Your stomach drops… because your teen isn’t sitting on a pile of 4.0 GPA/36 ACT glitter.
They’re probably solid. And capable. But more like an “above average smart” in the most normal, wonderful way.
And they just announced they want a highly professional path. Engineering. Nursing. Business. Pre-med. Architecture. Aviation.
You know... the paths where the programs are fiercely competitive and the gatekeeping is very, very real. That’s when you feel that slow, creeping realization: your teen's dream and their current stats are not exactly holding hands.
Most parents think this is the moment they have to either a) burst their kid's bubble, or b) panic-hire a tutor for 14 hours a day.
I don’t recommend either.
What your teen actually needs right now is a reality check wrapped in a game plan. But here is the kicker: they simply won’t hear it from you. Not really (though they may smile and nod.)
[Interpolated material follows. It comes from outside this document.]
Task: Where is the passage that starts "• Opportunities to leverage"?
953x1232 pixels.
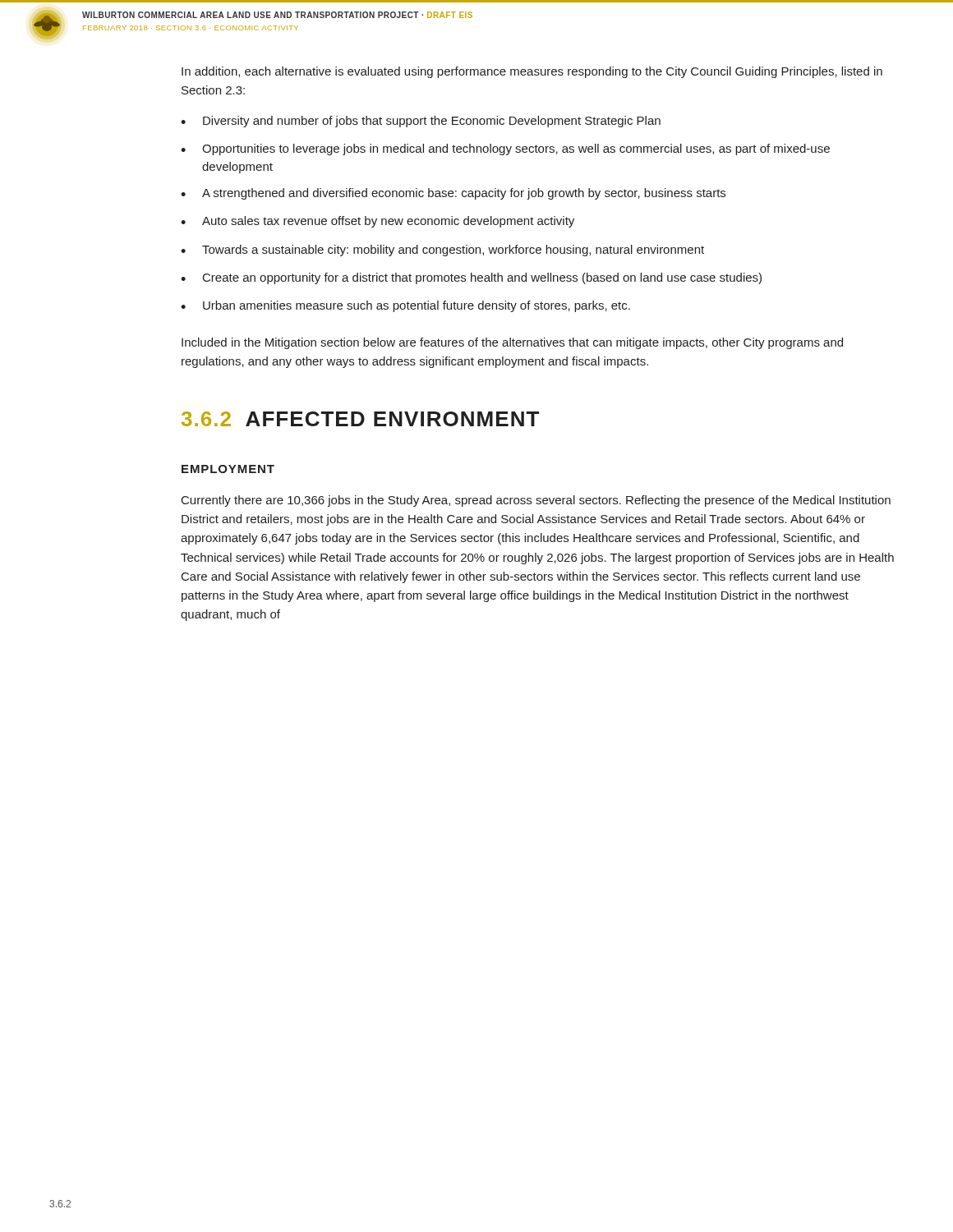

If you tell them their test scores need work, it's a personal attack. But if an outside expert tells them, it becomes "insider strategy." (I don't make the rules of teenage psychology; I just utilize them to your benefit!)
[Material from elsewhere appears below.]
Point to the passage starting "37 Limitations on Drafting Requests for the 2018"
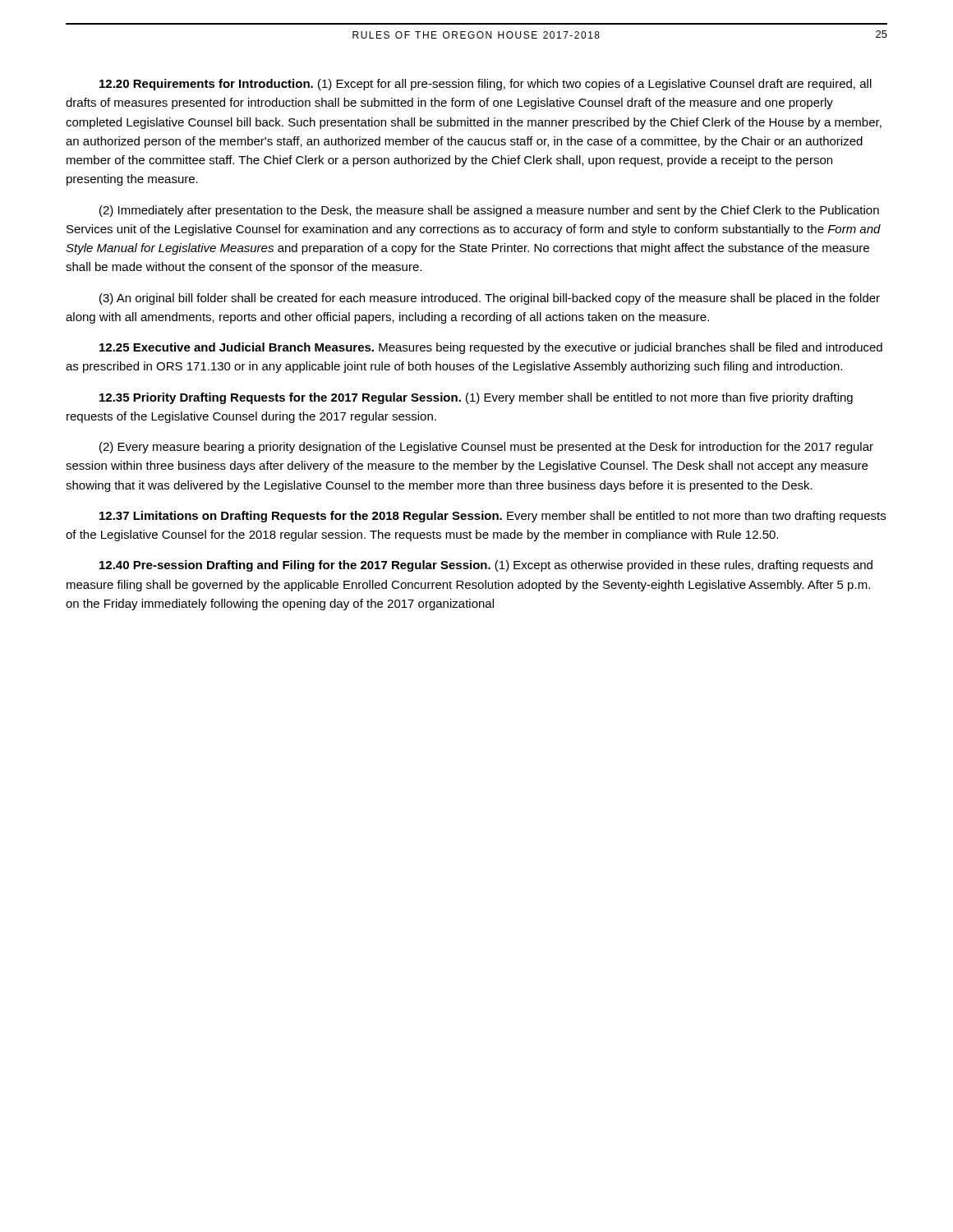This screenshot has height=1232, width=953. click(476, 525)

Let me show you exactly what this looks like behind the scenes.
✈️
Case Study: The Capable Kid
with Aeronautical Dreams
I started working with this junior back in January.
Great kid with a big goal: aeronautical engineering.
Which is slightly problematic.
His current test scores are too low for mid-tier engineering schools, and admissions officers don’t get to sit in your living room and see how passionate your kid is; they only see numbers and evidence. Without a sharp left turn, he’ll be forced to switch his major before he even buys that extra-long twin sheet set.
He is right in the "middle zone", where students drift toward aiming too low out of fear, or aiming too high without a plan.
So, after some highly strategic parental nudging (read: gentle bribery), he hopped on Zoom with me. In a single 60-minute session, we pulled not one, but three very specific levers.
Lever 1: The $40,000 Reframe 🤝
Most families treat test prep like the junk drawer.
You know it's there; you know you need to deal with it, but you avoid it until it becomes an emergency.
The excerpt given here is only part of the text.